Work out how many lines of the entries have the word "pitch" in them. Respond with that number only.

§ Material supplied
....
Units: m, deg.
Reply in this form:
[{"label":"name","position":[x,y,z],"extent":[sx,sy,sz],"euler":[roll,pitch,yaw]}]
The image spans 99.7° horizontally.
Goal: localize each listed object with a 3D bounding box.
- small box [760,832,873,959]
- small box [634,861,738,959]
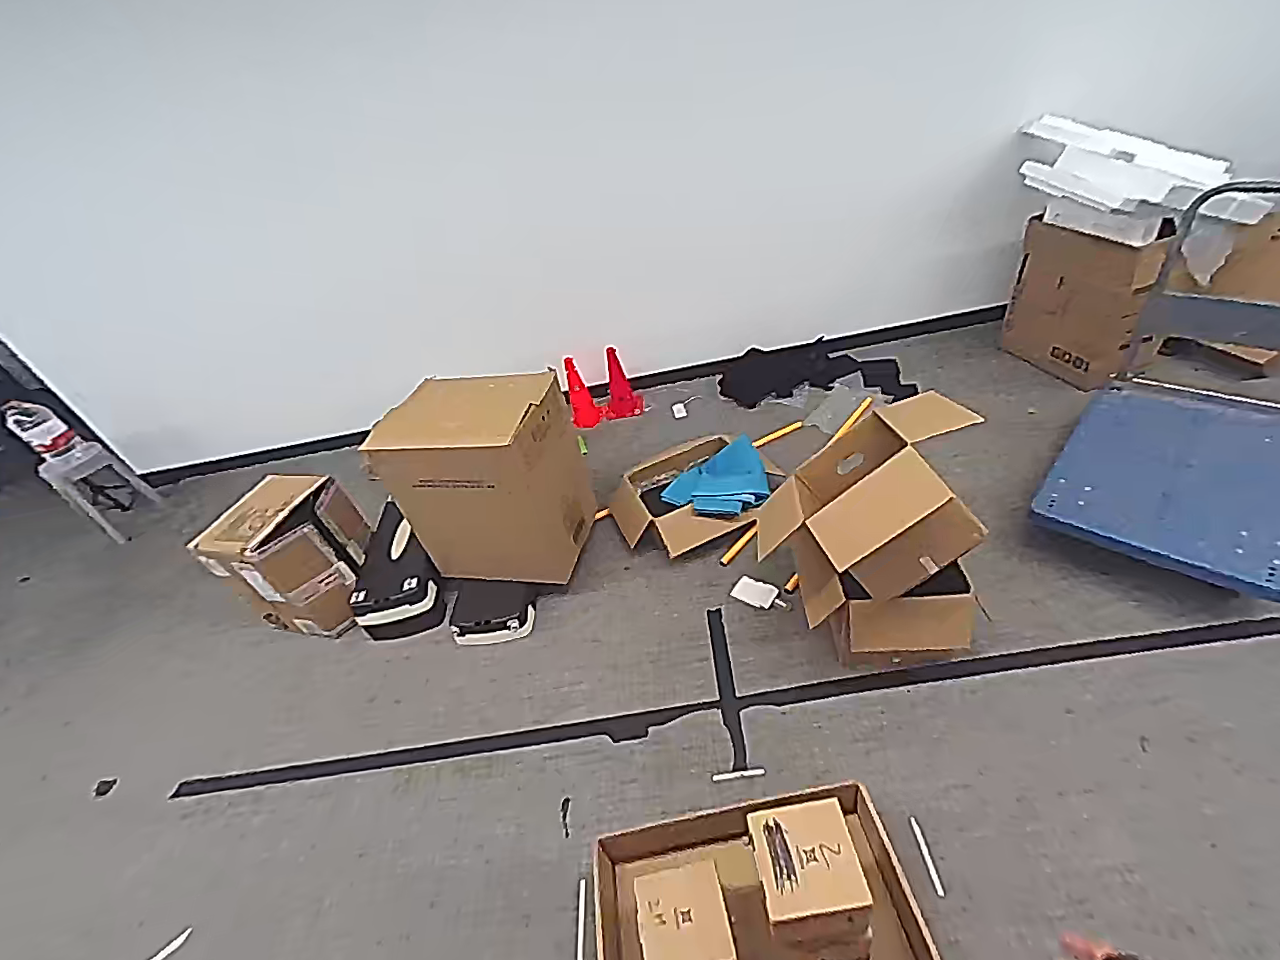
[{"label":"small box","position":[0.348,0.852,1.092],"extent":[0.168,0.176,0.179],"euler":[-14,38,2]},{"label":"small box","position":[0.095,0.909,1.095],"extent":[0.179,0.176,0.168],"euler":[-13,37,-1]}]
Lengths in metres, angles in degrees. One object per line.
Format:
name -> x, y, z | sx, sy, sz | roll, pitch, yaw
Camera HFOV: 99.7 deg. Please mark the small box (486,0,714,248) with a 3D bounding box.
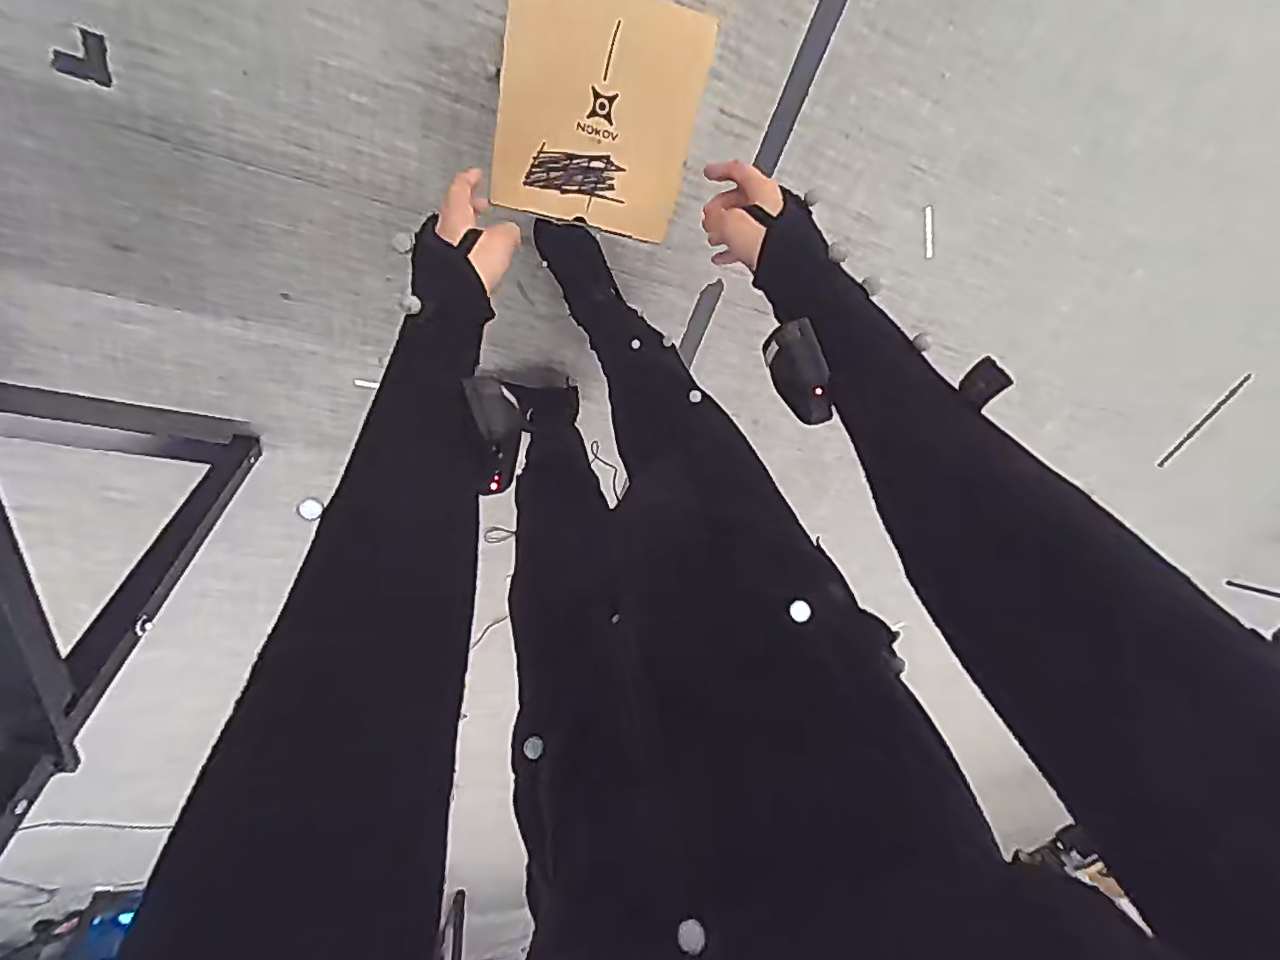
....
§ Output below
2